Hacker Breaches Fast Company Systems to Send Offensive Apple News Notifications

Hackers broke into the computer systems of the American business magazine Fast Company and sent nasty push alerts to Apple News readers.

An unknown threat actor gained access to Fast Firm’s Apple News account on Tuesday, the company stated in a statement, after hackers broke into the company’s content management system (CMS). Hacker sent two “obscene and racist” push alerts to Apple News subscribers, leading people to tweet images of the messages after being outraged by them. Exactly how many people saw the alerts before they were removed is unclear.

Fast Company has stated that the messages are “vile” and “not in keeping with the content and culture of Fast Company.” FastCompany.com will be down until further notice as we investigate the issue.

Apple has also responded to the incident on Twitter, saying that it has deactivated Fast Company’s Apple News account because it has been hijacked.

In addition, Fast Company said that the Tuesday attack followed a “seemingly related hack” of FastCompany.com that happened on Sunday afternoon and resulted in identical material appearing on the homepage and other parts of the website.

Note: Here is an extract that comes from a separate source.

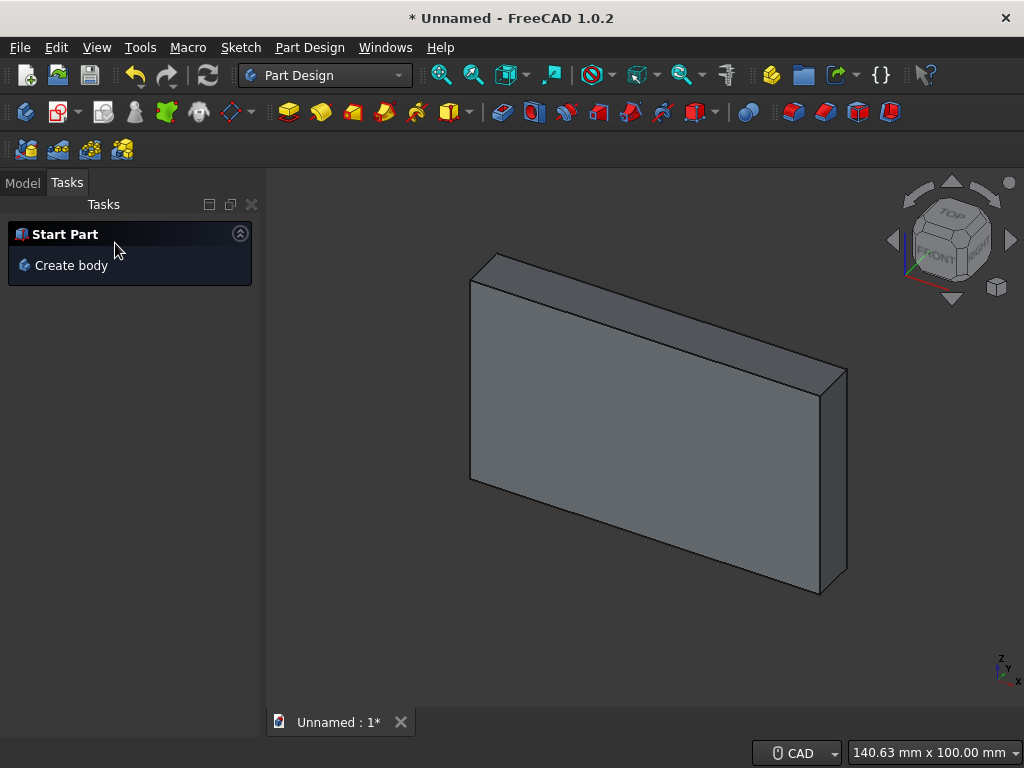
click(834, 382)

“That afternoon, we took the site offline and around two hours later, we brought it back online,” the firm said. Fast Company “deeply regrets” that “such vile language occurred on our platforms and in Apple News,” adding, “We apologise to anyone who read it before it was taken down.”

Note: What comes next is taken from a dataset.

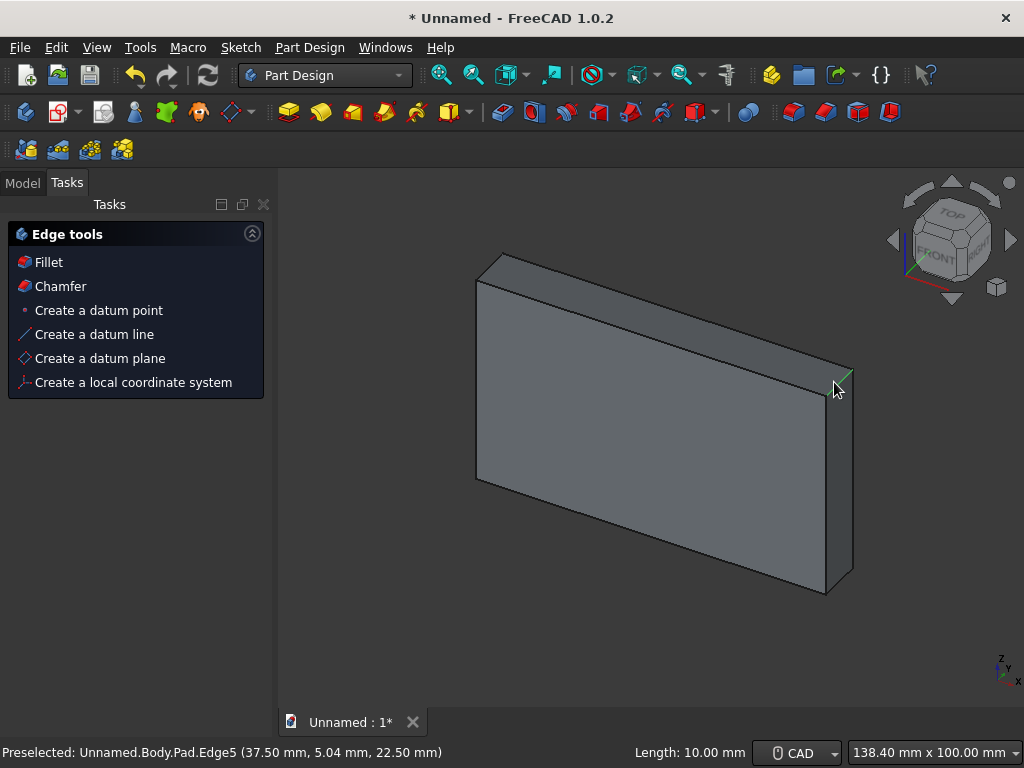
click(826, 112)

Hacker breaches Fast Company systems to send offensive Apple News notifications
Hacker breaches Fast Company systems to send offensive Apple News notifications

The corporation was not readily available to address our queries, and Fast Company did not disclose the nature of the incident. The Fast Company website currently redirects users to a “404 Not Found” page.

A hacker who calls themselves “Thrax” produced an essay disguised as sponsored material that explained how they broke into the website before it was taken down. According to the letter, a “ridiculously simple” default password was used for many accounts at Fast Company.

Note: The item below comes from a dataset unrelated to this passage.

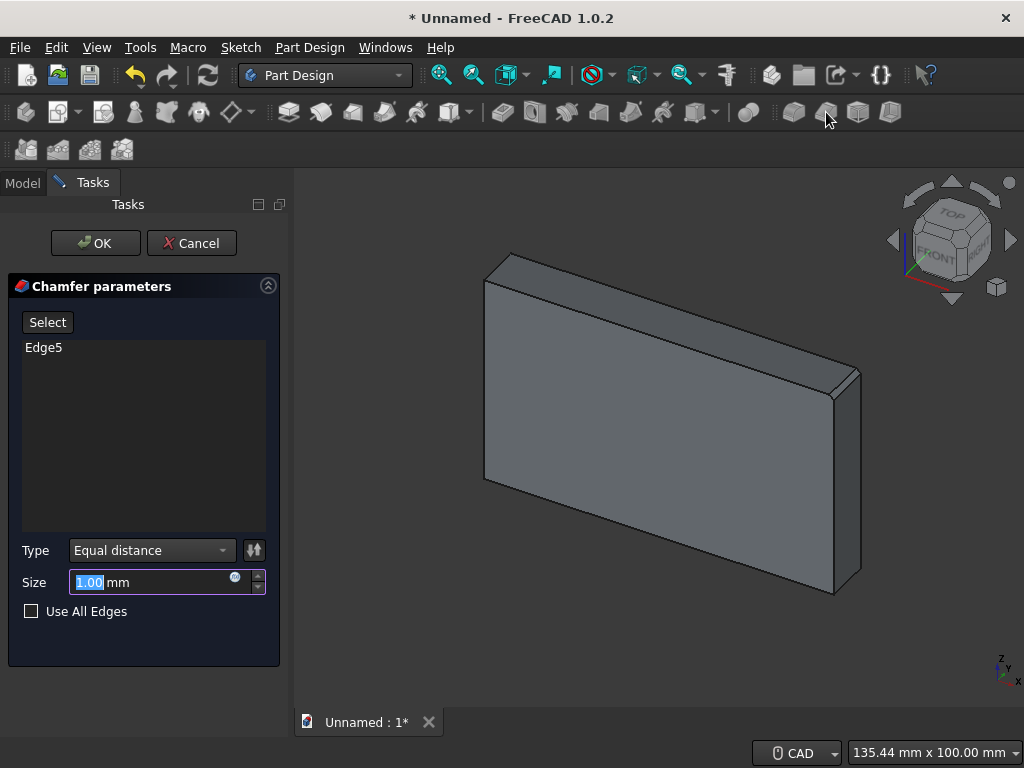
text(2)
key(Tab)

The hacker was able to send emails from any @fastcompany.com address by gaining access to authentication tokens, Apple News API credentials, and Amazon Simple Email Service (SES) tokens.

The hacker also posted an announcement to a famous hacking site on Sunday, saying that they were revealing a database with 6,737 Fast Company employee details, including email addresses, password hashes (for certain workers), and unpublished manuscripts.

Threat actors gained access to an unknown number of names, ages, phone numbers, email addresses, physical addresses, and identification document numbers, such as driver’s licence and passport numbers, from this very same forum in the recent Optus breach. The perpetrator of the attack claims to have published 10,200 files so far.

The Fast Company hacker claimed they were unable to access client details because they were likely kept in a different database, despite having previously infiltrated photo-sharing service ClickASnap and self-proclaimed free-speech social network USA Life.